[Information provided Boundary: Start]

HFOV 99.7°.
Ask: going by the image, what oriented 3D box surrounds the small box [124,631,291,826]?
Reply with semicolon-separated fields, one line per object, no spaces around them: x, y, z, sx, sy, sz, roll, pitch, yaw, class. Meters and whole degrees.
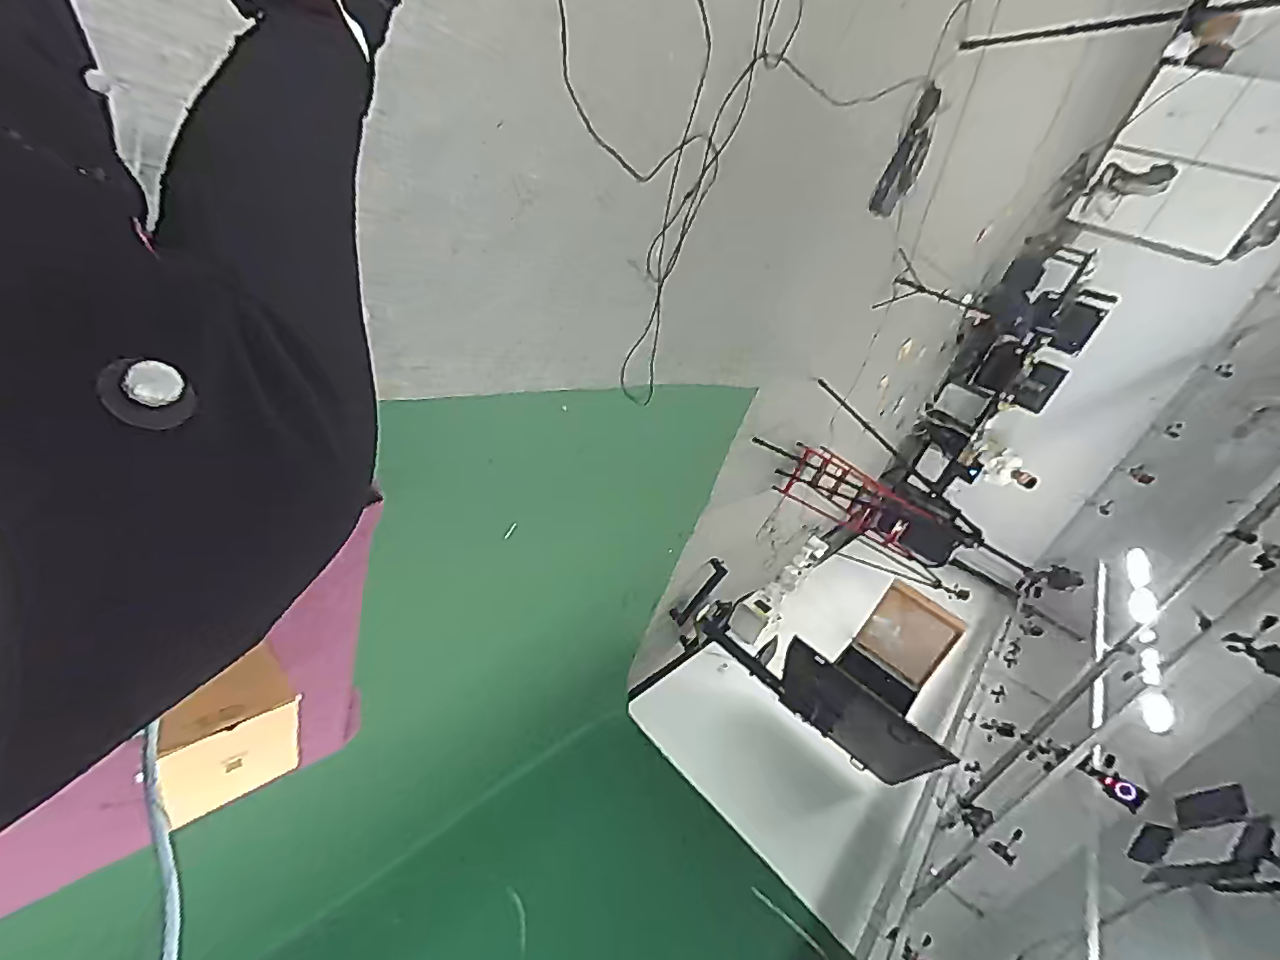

[Information provided Boundary: End]

**Work to complete**. Output every line above exactly as it stands, and drop any picture.

**Expected answer**.
HFOV 99.7°.
Ask: going by the image, what oriented 3D box surrounds the small box [124,631,291,826]?
Reply with semicolon-separated fields, one line per object, no spaces around them: x, y, z, sx, sy, sz, roll, pitch, yaw, class. Meters and whole degrees.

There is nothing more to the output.